Well, those are illegal.
Aftermarket headlights and housings are convenient ways to add some visual pizzazz to a vehicle. They can transform a car from mundane to eye-catching, though if the upgrade is done incorrectly, it could catch the eye of the law. That’s what happened to one Washington man last week when police pulled over his modified Chevy Impala with some not-so-legal replacement headlights.
The Impala, which appears to have lingering damage from a front-end accident, replaced its missing headlights with a pair of flashlights duct-taped to the car. Washington State Police caught the car on I-90, east of Seattle, around 2 a.m. The responding officer noticed the unusually dim headlights, which were caused by the flashlights’ draining batteries. When police pulled over the man, they also discovered that he had a suspended driver’s license.

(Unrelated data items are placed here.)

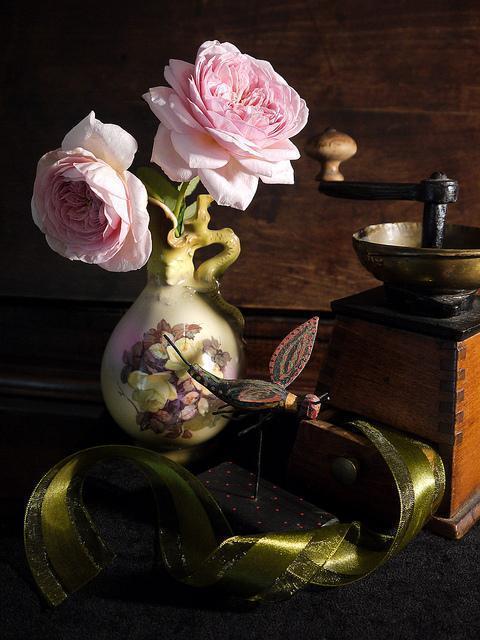How many flowers are on the counter?
Give a very brief answer. 2. How many people are wearing a blue dress?
Give a very brief answer. 0. 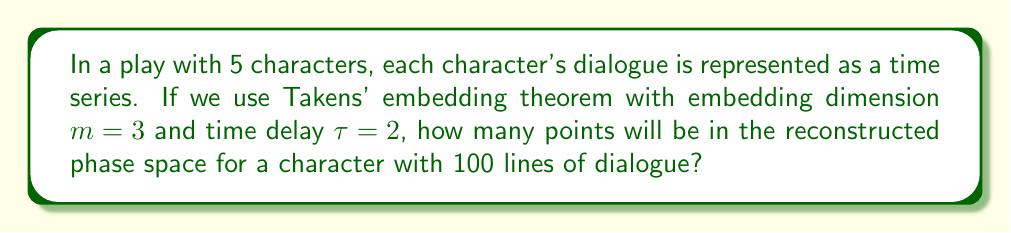Solve this math problem. To solve this problem, we need to understand the principles of phase space reconstruction using Takens' embedding theorem:

1) First, recall that Takens' embedding theorem allows us to reconstruct the phase space of a dynamical system from a single time series.

2) The embedding dimension $m$ represents the number of coordinates used to represent each point in the reconstructed phase space.

3) The time delay $\tau$ determines the spacing between the elements of the time series used to create each point.

4) Given a time series $x(t)$, each point in the reconstructed phase space is of the form:

   $$(x(t), x(t+\tau), x(t+2\tau), ..., x(t+(m-1)\tau))$$

5) In this case, we have:
   - Embedding dimension $m = 3$
   - Time delay $\tau = 2$
   - Total number of lines (data points) $N = 100$

6) The number of points in the reconstructed phase space is determined by how many complete sets of $m$ coordinates we can form from the time series.

7) The last point in the reconstructed space will use the last element of the original time series as its last coordinate. So, we can calculate the number of points as:

   $$N - (m-1)\tau = 100 - (3-1)2 = 100 - 4 = 96$$

Therefore, there will be 96 points in the reconstructed phase space for each character.
Answer: 96 points

Gallery: Chevy Impala With Flashlight Headlights
The US Federal Motor Vehicle Safety Standards (FMVSS) automakers must adhere to is voluminous, and the rules regulating all lights, not just headlights, are extensive. The FMVSS is one reason the US lacks vehicles with adaptive driving beam headlights, like those offered on the Cadillac XT6 that aren’t offered on the US-spec models, though there is building pressure for the government to update the rules. It’s also why the police stopped the car – even the state’s motor vehicle code references the FMVSS.

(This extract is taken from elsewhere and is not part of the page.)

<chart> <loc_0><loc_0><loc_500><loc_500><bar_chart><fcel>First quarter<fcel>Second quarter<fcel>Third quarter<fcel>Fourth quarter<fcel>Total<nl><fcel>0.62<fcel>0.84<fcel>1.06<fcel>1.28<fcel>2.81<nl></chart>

The flashlights also posed a safety threat. Automakers have to ensure the headlights are a certain brightness to illuminate the road ahead adequately, and dim flashlights fall well below that. Improper lighting, especially at night, can hide potential obstacles that are in the way until it’s too late to avoid them, causing an accident, especially on the highway where headlights are pushed to their limits. While we’re hopeful regulators will eventually update the country’s lighting rules, we’re certain those makeshift headlights would still be illegal.